YOUR GOAL → Return the data below unchanged, without images.

RECORD EXTRACTS →
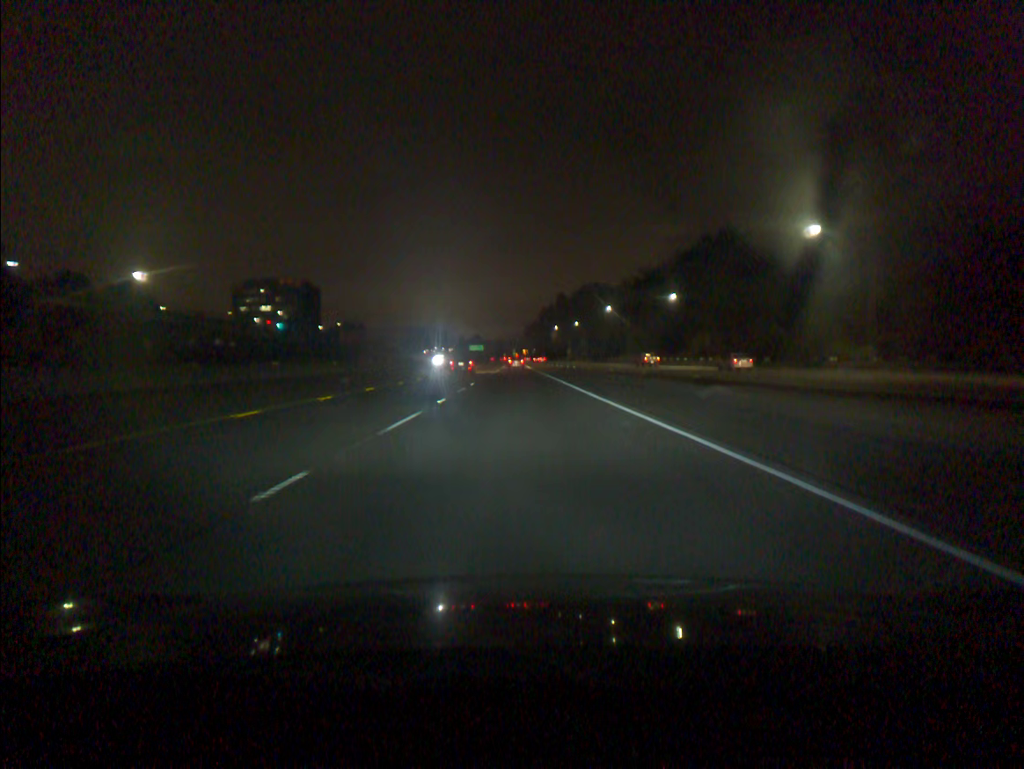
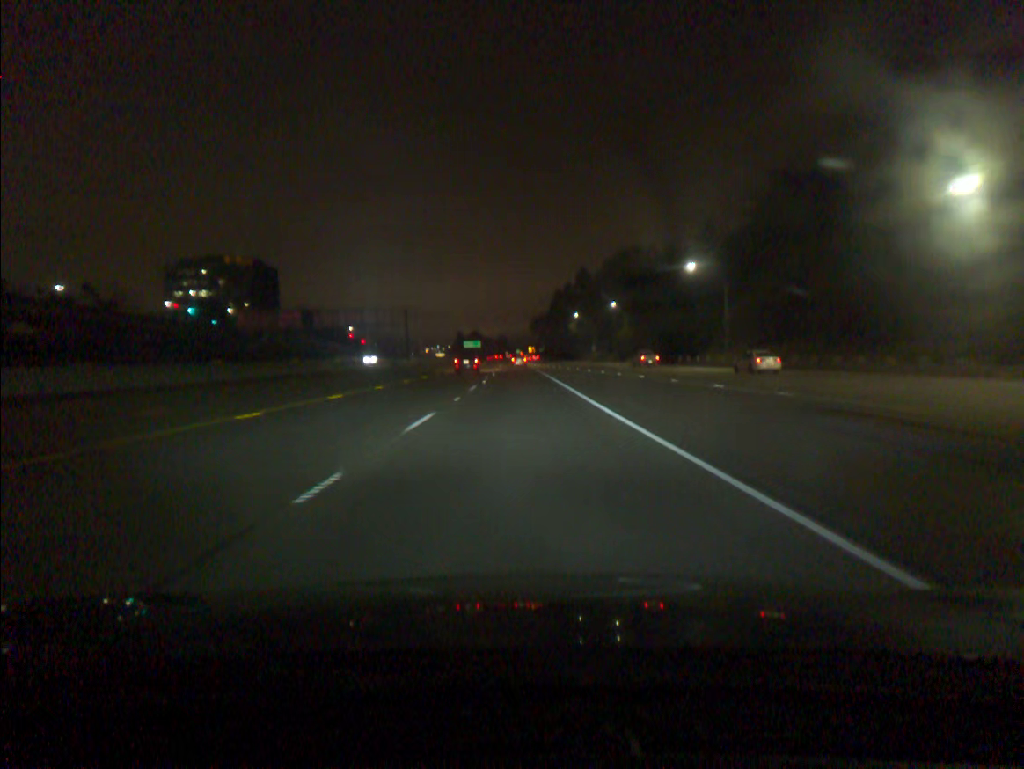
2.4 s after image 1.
(-0.4, +73.6) m; 0°
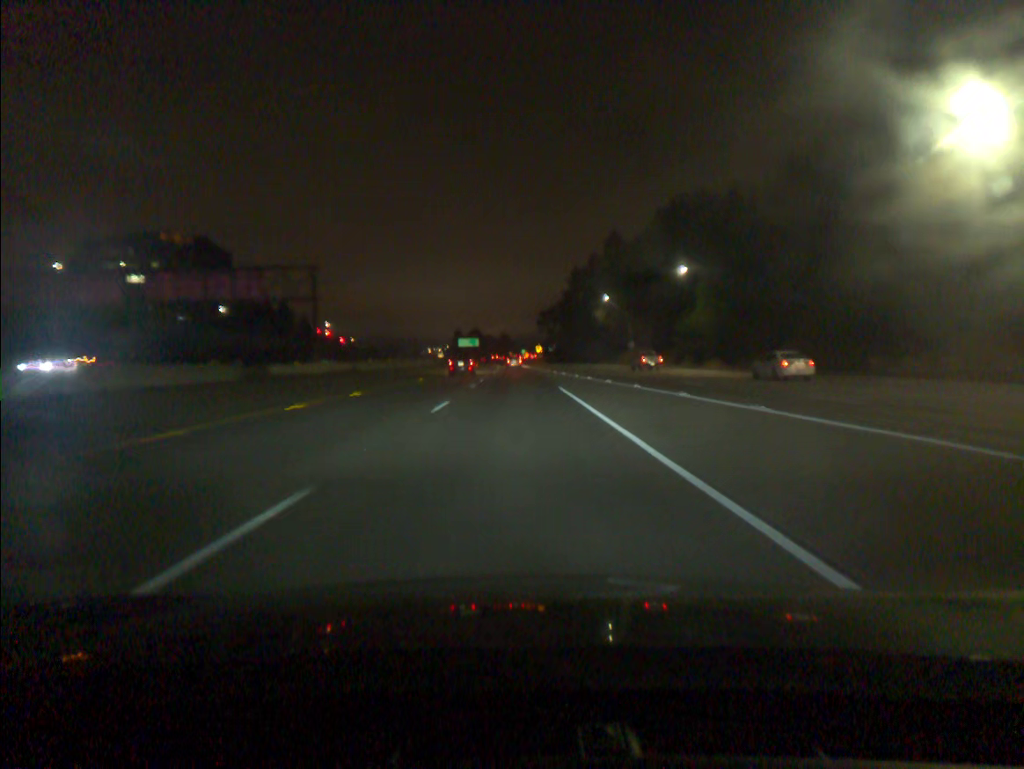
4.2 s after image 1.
(0.0, +55.0) m; 0°
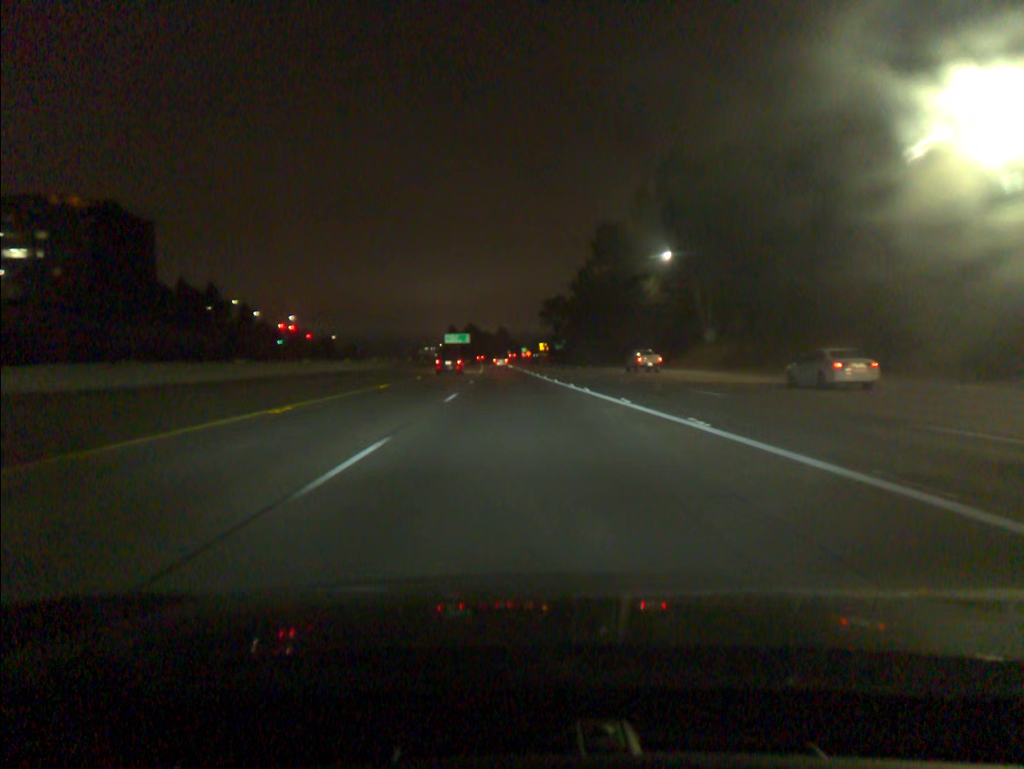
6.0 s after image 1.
(-0.1, +54.9) m; 0°
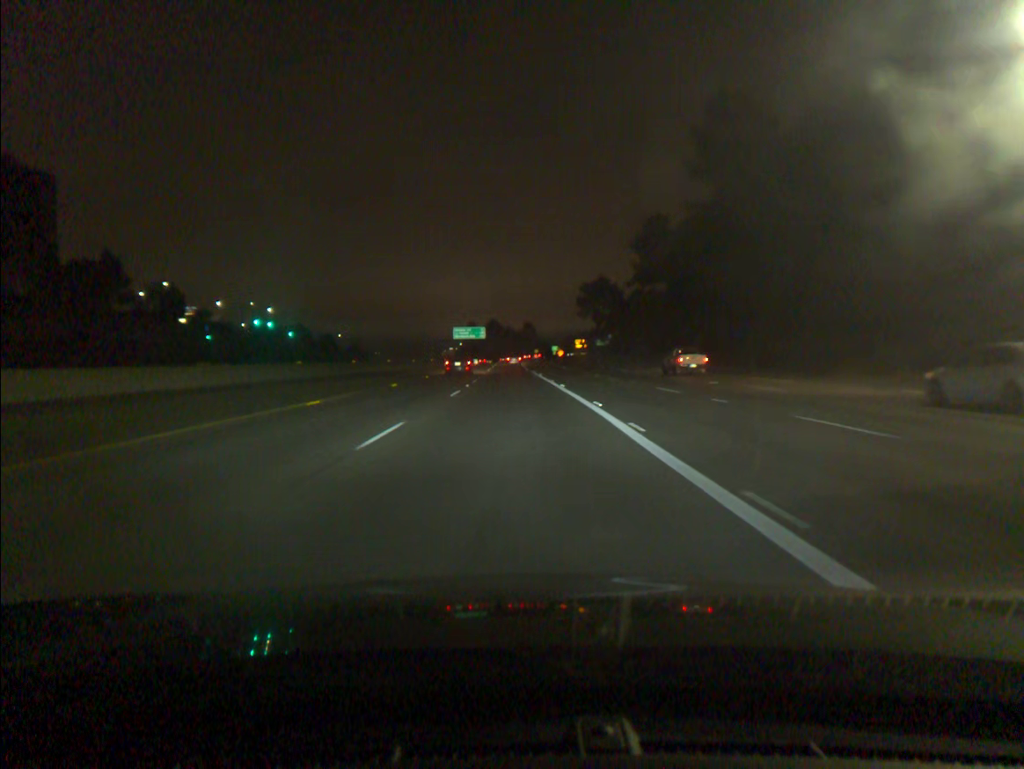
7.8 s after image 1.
(-0.7, +54.8) m; -2°
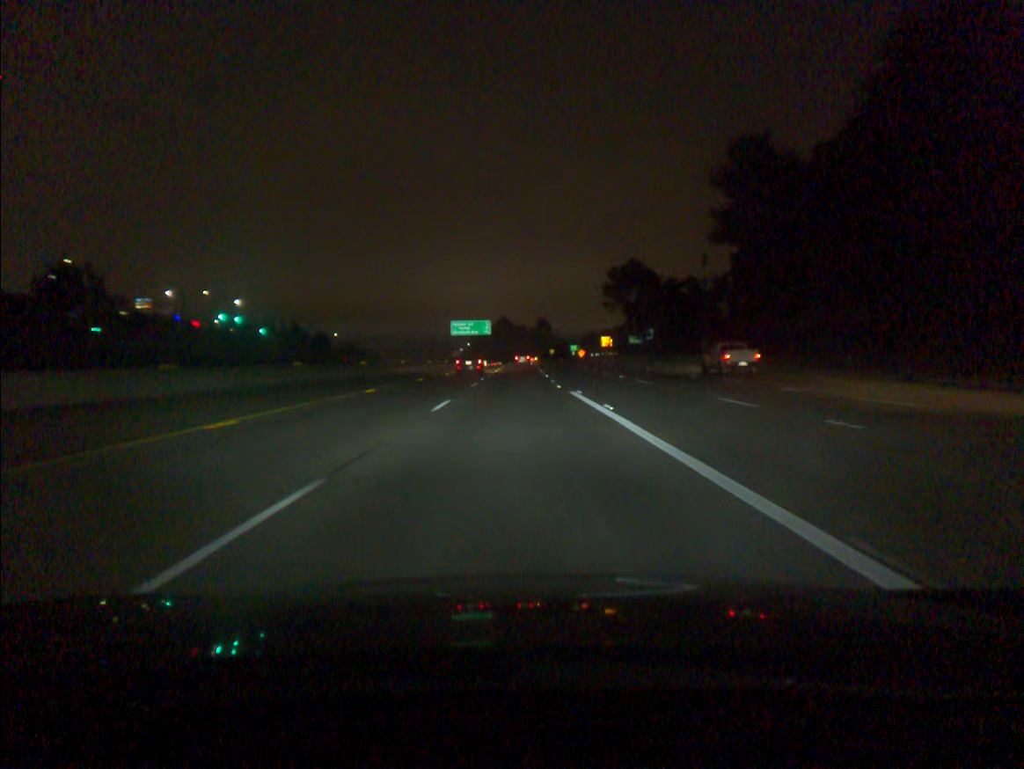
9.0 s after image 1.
(-0.4, +36.5) m; -1°
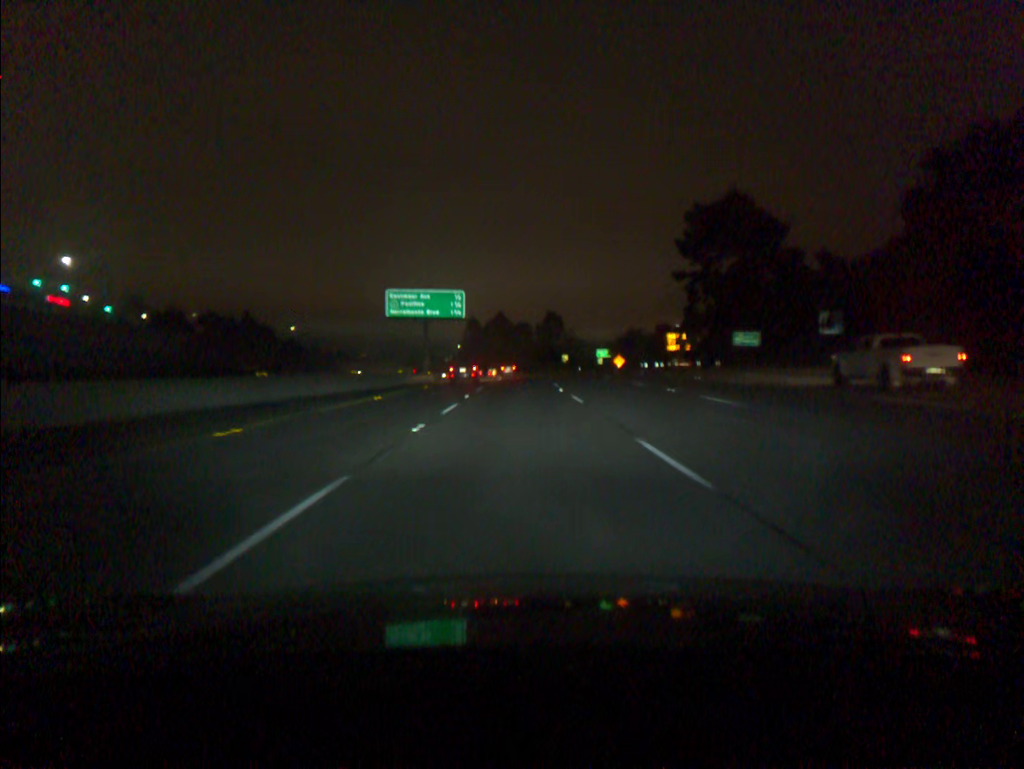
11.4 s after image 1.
(-0.3, +73.0) m; 0°

YOUR SOLUTION →
2.4 s after image 1.
(-0.4, +73.6) m; 0°
4.2 s after image 1.
(0.0, +55.0) m; 0°
6.0 s after image 1.
(-0.1, +54.9) m; 0°
7.8 s after image 1.
(-0.7, +54.8) m; -2°
9.0 s after image 1.
(-0.4, +36.5) m; -1°
11.4 s after image 1.
(-0.3, +73.0) m; 0°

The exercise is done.